22. The processor of claim 21, wherein the one or more circuitry further causes a device to allocate the memory based at least in part on an identified memory region.

22. The processor of claim 21, wherein the one or more circuitry further performs the API based at least in part on parameter values representing constraints for allocating and deallocating the memory.

22. The processor of claim 21 wherein the one or more circuits further cause one or more devices to use the memory to perform a set of operations.

A machine readable medium storing a set of instructions, comprising:
The set of instructions, when executed by one or more processors, cause the one or more processors to:
A machine readable medium that enables executing an application programming interface (API) to generate one or more graph code nodes for allocating and deallocating memory.

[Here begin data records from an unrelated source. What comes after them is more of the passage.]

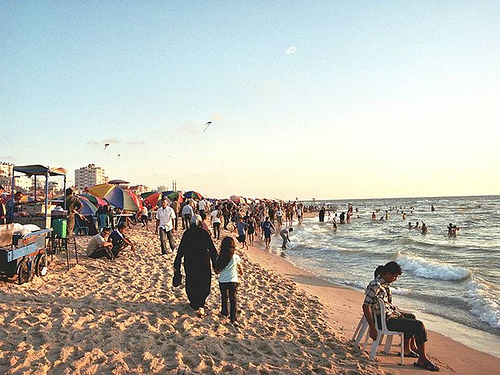What time of day does it appear to be in the image and how does this impact the scene? It appears to be late afternoon, as indicated by the long shadows and the soft golden hue of the sunlight. This timing enhances the scene by casting a warm glow over the beach, creating a relaxed and leisurely atmosphere that seems perfect for enjoying the end of a day by the sea. 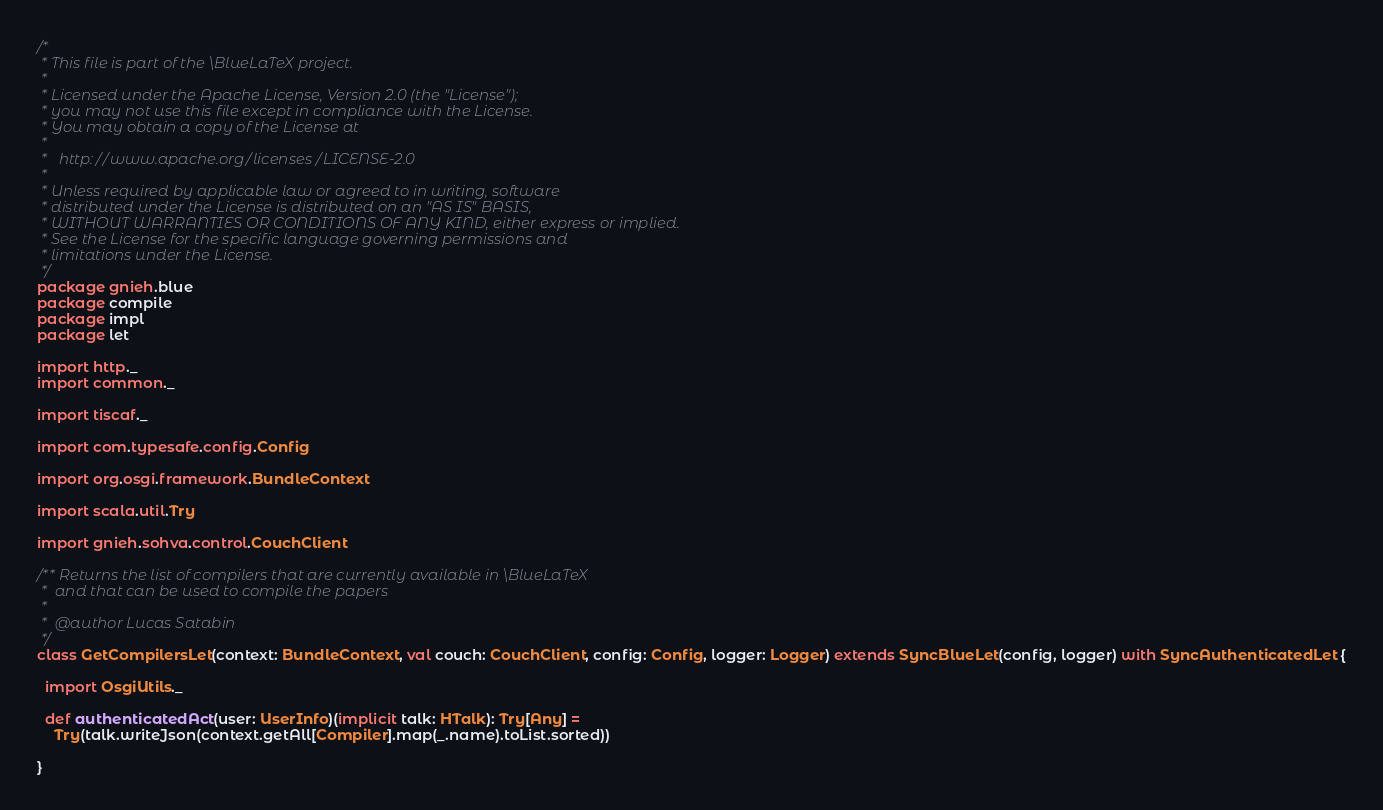<code> <loc_0><loc_0><loc_500><loc_500><_Scala_>/*
 * This file is part of the \BlueLaTeX project.
 *
 * Licensed under the Apache License, Version 2.0 (the "License");
 * you may not use this file except in compliance with the License.
 * You may obtain a copy of the License at
 *
 *   http://www.apache.org/licenses/LICENSE-2.0
 *
 * Unless required by applicable law or agreed to in writing, software
 * distributed under the License is distributed on an "AS IS" BASIS,
 * WITHOUT WARRANTIES OR CONDITIONS OF ANY KIND, either express or implied.
 * See the License for the specific language governing permissions and
 * limitations under the License.
 */
package gnieh.blue
package compile
package impl
package let

import http._
import common._

import tiscaf._

import com.typesafe.config.Config

import org.osgi.framework.BundleContext

import scala.util.Try

import gnieh.sohva.control.CouchClient

/** Returns the list of compilers that are currently available in \BlueLaTeX
 *  and that can be used to compile the papers
 *
 *  @author Lucas Satabin
 */
class GetCompilersLet(context: BundleContext, val couch: CouchClient, config: Config, logger: Logger) extends SyncBlueLet(config, logger) with SyncAuthenticatedLet {

  import OsgiUtils._

  def authenticatedAct(user: UserInfo)(implicit talk: HTalk): Try[Any] =
    Try(talk.writeJson(context.getAll[Compiler].map(_.name).toList.sorted))

}

</code> 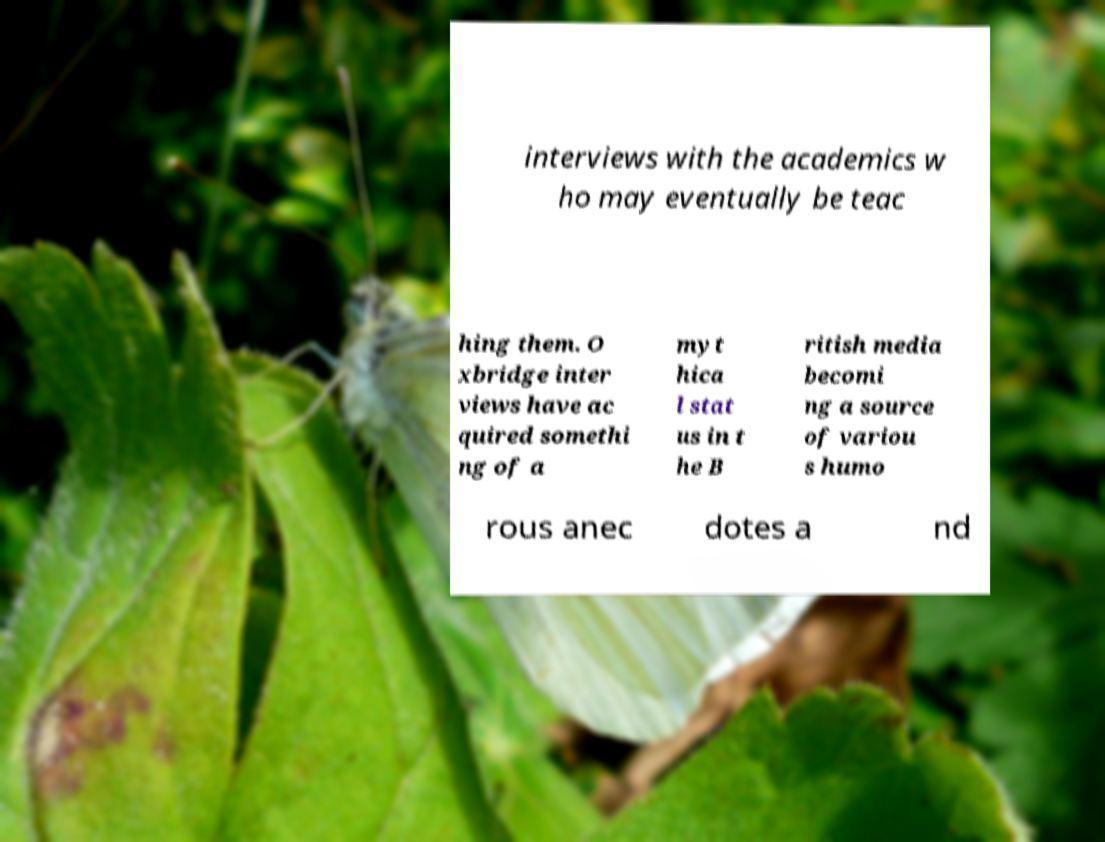Can you accurately transcribe the text from the provided image for me? interviews with the academics w ho may eventually be teac hing them. O xbridge inter views have ac quired somethi ng of a myt hica l stat us in t he B ritish media becomi ng a source of variou s humo rous anec dotes a nd

28. The method of claim 27, wherein the set of instructions, when executed by the one or more processors, cause the one or more processors to:
obtain code representing an API for generating one or more graph code nodes for allocating and deallocating at least said memory;
to execute code for performing an API to generate one or more graph code nodes for allocating and deallocating the memory, wherein the one or more graph code nodes are first nodes for allocating and deallocating memory; including a second node for -
A machine readable medium further comprising instructions.

28. The machine readable medium of claim 27, wherein a first node of the one or more graph code nodes is part of a first graph data structure and a second node of the one or more graph code nodes is part of a second graph data structure.

28. The method of claim 27, wherein the set of instructions, when executed by the one or more processors, causes a central processing unit (CPU) to allocate and deallocate the memory. A machine readable medium further comprising instructions that cause use of one or more graph code nodes.

28. The method of claim 27, wherein the set of instructions, when executed by the one or more processors, cause the one or more processors to:
compute a set of first operations;
causing one or more devices to use the memory to perform the first set of operations.
A machine readable medium further comprising instructions.

28. The method of claim 27, wherein the set of instructions, when executed by the one or more processors, causes the one or more processors to: A machine readable medium, further comprising instructions that cause the performance of one or more of the indicated operations.